Fig. 5: Cdk1 mediates phosphorylation of DAB2IP on its Thr531 and Thr546 sites in mitosis.

A Thymidine-synchronized PC3 cells were released into normal medium containing nocodazole (50 ng/ml) and harvested at the indicated time points after release. The expression of DAB2IP, Cdc27, cyclin B1, securin, and phosphorylation of histone 3 on Ser10 were determined by using immunoblotting.
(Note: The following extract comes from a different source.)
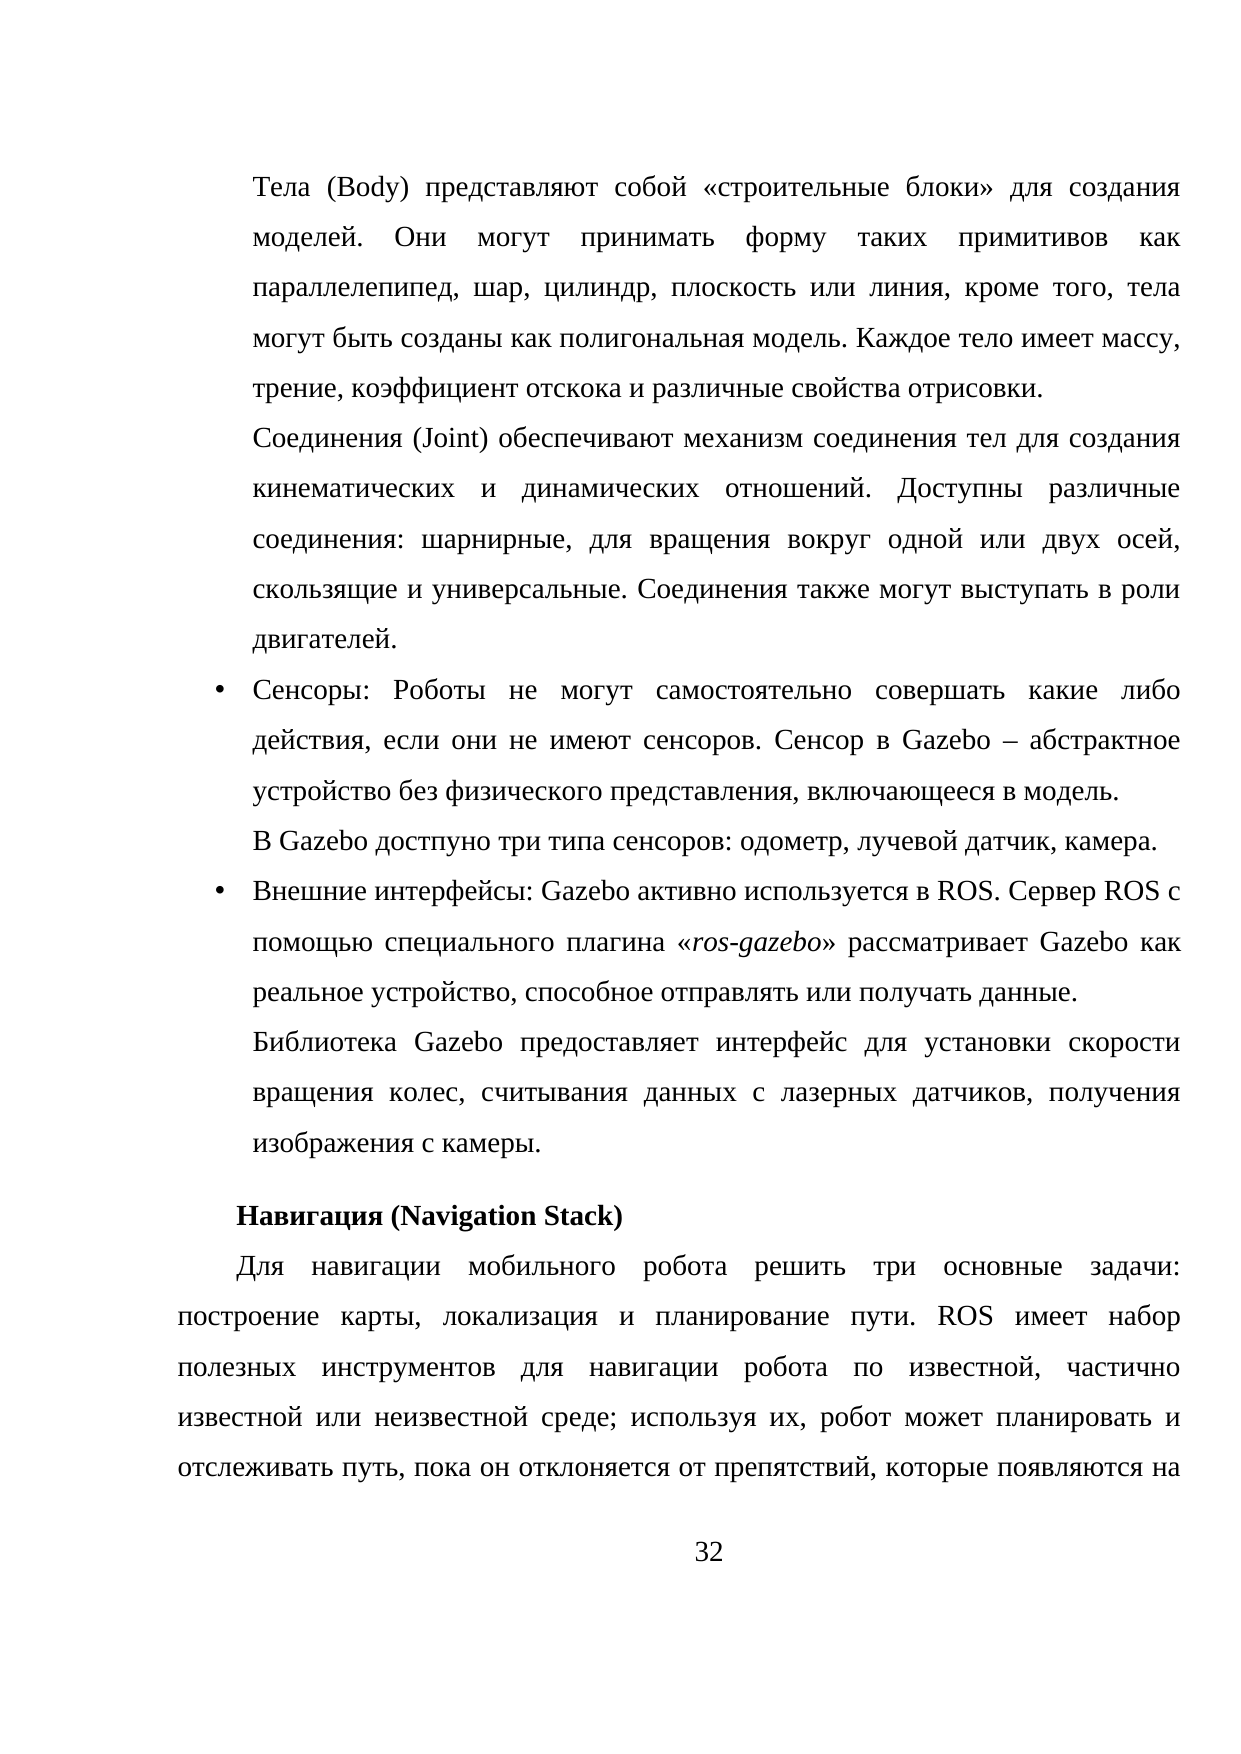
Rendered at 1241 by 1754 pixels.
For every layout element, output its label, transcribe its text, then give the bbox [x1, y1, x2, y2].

B Mitotically arrested PC3 cells were released for cell cycle reentry and harvested at the indicated time points after release. The expression of DAB2IP, Cdc27, cyclin B1, securin, and phosphorylation of histone 3 on Ser10 were determined by using immunoblotting. C Mitotically arrested (nocodazole- or paclitaxel-induced) and asynchronous PC3 cells lysates were treated with or without λ-PPase. The expression pattern of DAB2IP was presented by using immunoblotting. D DAB2IP-proficent PC3 and C4-2 D2 cells were transfected with siRNA against Cdk1 or control siRNA, and 24 h after transfection, cells were treated with nocodazole for an additional 16 h. The expression of DAB2IP, Cdk1, cyclin B1 and Actin in mitotically arrested and asynchronous cells was determined by immunoblotting. E Sequence alignment of the DAB2IP proteins from different species (Homo sapiens, Mus musculus, Rattus norvegicus, Pan troglodytes, and Canis lupus) around Thr531 and Thr546. F Flag-tagged wild-type DAB2IP, DAB2IP T531A, DAB2IP T546A, DAB2IP 2A (T531A/T546A) and empty vector were expressed in HeLa cells, and HeLa cells were synchronized by nocodazole. The wild-type form of DAB2IP and different mutants were immunoprecipitated by anti-Flag (M2) antibody from mitotically arrested cell lysates. Phosphorylations on DAB2IP and its mutants were detected by immunoblotting using an antibody that recognizes Cdk targeting TP motifs (p-TP). The expression of Flag-tagged protein was also determined. G Flag-tagged wild-type DAB2IP, DAB2IP 2A (T531A/T546A) and empty vector were expressed in HeLa cells, and HeLa cells were synchronized by nocodazole. The wild-type form of DAB2IP and the 2A mutant were immunoprecipitated by anti-Flag (M2) antibody from mitotically arrested cells lysates. The phosphorylation of DAB2IP on its Thr531 site and the expression of DAB2IP were detected.